*** Opening Records to use ***

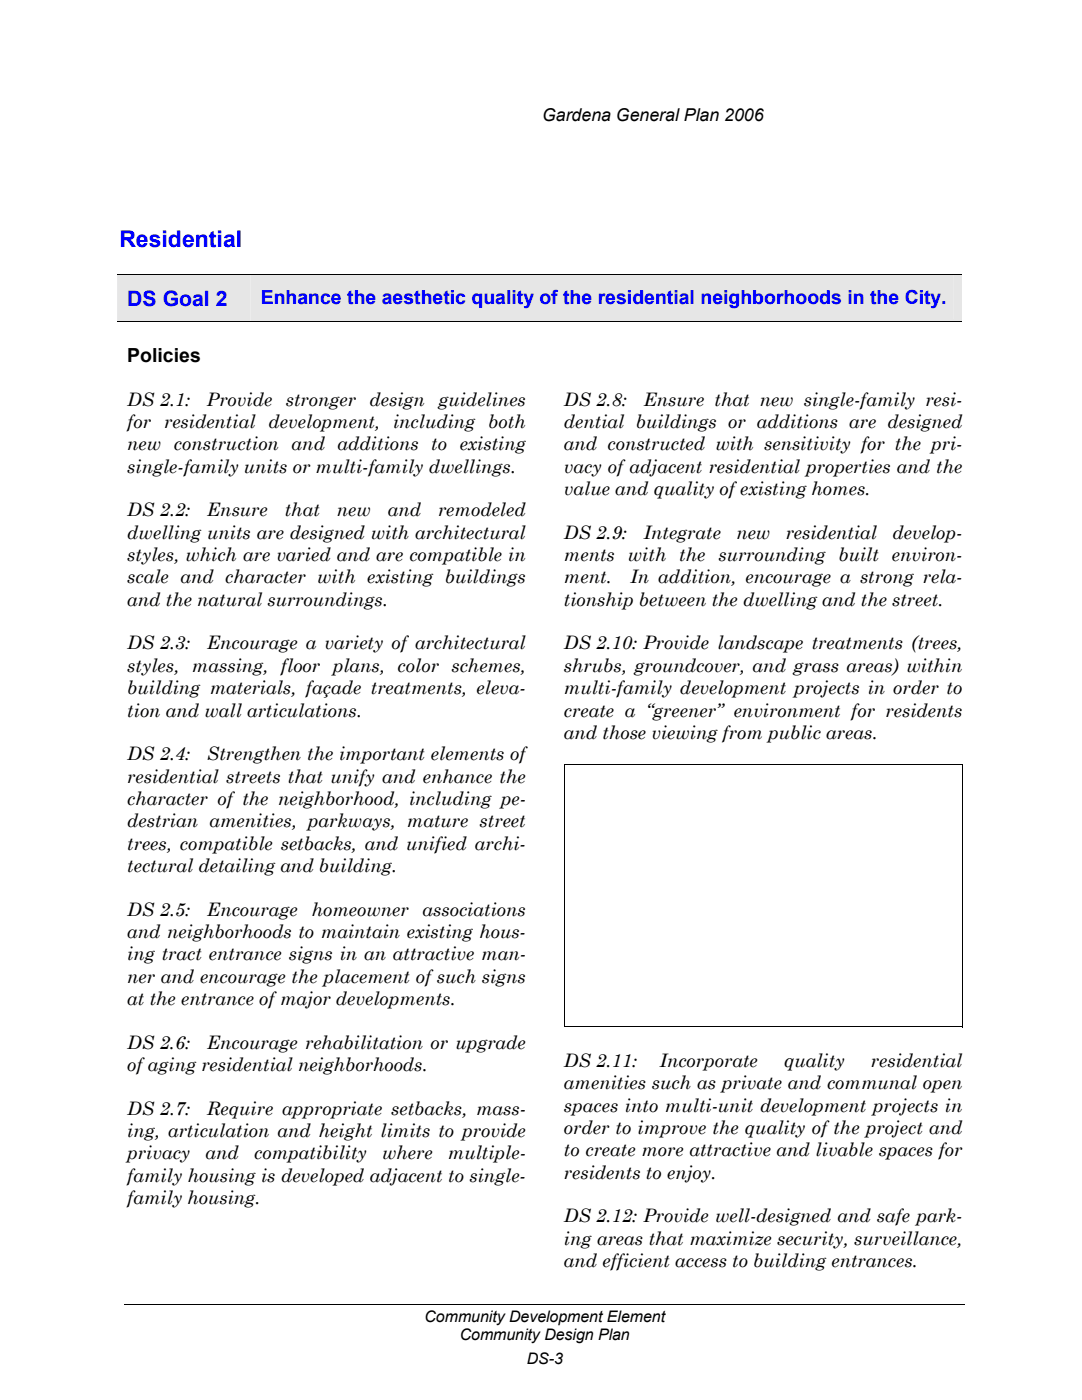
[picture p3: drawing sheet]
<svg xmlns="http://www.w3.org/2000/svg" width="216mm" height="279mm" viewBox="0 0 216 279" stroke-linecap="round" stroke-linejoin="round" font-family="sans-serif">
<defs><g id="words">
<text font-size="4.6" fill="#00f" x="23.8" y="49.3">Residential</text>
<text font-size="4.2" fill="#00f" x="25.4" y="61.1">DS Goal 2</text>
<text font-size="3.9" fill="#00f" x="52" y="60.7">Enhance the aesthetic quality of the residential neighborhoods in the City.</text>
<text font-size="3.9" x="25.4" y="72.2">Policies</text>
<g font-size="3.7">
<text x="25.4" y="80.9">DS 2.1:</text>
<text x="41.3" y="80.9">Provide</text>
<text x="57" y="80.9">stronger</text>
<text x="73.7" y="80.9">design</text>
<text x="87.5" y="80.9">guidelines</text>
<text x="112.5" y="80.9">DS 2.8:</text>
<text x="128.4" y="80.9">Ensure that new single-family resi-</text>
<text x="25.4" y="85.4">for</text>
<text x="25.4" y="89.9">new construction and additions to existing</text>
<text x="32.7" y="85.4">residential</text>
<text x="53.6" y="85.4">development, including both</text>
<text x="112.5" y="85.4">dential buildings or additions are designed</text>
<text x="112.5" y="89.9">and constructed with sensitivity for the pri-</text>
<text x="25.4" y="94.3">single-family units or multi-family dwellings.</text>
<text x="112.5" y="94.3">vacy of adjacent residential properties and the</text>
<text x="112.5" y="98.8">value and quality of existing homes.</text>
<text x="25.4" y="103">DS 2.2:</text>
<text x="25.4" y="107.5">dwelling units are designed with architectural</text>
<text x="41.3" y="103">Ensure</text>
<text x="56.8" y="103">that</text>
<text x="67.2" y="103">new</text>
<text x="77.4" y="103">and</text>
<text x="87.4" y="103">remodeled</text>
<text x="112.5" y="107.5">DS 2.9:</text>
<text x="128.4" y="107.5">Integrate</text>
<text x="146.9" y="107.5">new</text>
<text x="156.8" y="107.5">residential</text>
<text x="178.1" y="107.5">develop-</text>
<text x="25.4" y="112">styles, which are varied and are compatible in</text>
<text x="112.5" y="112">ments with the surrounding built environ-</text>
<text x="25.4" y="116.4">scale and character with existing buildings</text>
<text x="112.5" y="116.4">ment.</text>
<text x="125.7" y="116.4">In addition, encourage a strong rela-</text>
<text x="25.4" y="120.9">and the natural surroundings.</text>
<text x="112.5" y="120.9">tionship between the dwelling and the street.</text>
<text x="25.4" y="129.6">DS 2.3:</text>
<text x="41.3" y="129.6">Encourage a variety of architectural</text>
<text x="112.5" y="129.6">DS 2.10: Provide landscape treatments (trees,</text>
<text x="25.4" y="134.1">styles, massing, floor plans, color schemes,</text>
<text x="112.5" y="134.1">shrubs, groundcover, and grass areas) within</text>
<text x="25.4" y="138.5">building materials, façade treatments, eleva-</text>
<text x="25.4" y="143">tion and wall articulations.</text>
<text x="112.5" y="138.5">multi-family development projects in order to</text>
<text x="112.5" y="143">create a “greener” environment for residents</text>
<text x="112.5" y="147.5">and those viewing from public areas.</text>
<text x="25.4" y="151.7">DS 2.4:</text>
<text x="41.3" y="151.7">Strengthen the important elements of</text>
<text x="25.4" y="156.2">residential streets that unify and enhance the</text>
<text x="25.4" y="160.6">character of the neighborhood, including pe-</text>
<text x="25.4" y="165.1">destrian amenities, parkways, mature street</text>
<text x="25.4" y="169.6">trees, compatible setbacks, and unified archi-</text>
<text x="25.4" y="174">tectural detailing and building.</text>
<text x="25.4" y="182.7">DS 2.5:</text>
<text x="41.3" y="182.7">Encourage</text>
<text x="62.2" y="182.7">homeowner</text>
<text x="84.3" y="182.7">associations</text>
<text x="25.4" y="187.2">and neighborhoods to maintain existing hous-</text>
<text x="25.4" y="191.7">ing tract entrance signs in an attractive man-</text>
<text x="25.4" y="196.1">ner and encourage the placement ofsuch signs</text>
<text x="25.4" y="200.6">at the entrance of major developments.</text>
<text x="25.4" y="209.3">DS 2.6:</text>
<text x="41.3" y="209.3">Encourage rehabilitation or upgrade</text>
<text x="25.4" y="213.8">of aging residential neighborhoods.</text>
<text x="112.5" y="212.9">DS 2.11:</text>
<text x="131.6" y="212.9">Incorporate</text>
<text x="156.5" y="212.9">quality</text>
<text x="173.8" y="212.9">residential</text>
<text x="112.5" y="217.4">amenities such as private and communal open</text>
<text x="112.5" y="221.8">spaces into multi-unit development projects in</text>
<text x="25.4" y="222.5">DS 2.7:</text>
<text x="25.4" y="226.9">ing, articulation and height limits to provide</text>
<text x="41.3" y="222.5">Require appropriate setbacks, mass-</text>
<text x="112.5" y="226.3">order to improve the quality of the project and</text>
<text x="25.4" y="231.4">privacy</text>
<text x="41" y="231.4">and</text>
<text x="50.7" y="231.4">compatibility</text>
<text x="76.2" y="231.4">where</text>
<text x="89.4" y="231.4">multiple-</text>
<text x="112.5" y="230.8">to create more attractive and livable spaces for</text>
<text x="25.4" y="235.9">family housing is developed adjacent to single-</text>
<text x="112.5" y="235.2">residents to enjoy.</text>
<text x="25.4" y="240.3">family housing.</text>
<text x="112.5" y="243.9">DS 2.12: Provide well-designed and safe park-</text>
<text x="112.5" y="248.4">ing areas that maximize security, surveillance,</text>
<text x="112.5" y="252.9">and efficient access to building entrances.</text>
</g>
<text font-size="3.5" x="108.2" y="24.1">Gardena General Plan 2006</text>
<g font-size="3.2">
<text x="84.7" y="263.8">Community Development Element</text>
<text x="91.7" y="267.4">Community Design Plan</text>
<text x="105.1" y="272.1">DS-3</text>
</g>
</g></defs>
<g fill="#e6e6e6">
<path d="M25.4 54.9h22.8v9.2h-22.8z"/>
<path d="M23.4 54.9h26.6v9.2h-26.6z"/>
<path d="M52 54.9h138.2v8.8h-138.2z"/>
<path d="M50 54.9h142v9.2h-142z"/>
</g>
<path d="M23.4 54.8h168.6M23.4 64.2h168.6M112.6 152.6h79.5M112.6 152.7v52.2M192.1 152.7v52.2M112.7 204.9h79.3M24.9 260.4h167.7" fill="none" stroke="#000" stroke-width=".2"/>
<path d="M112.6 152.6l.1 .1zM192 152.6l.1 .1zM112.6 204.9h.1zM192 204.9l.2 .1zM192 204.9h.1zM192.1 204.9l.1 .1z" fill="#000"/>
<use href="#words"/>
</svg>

*** Closing Records to use ***

:: Task statement ::
If a line in the data above includes the string "architectural", copy it.

:: Task answer ::
<text x="25.4" y="107.5">dwelling units are designed with architectural</text>
<text x="41.3" y="129.6">Encourage a variety of architectural</text>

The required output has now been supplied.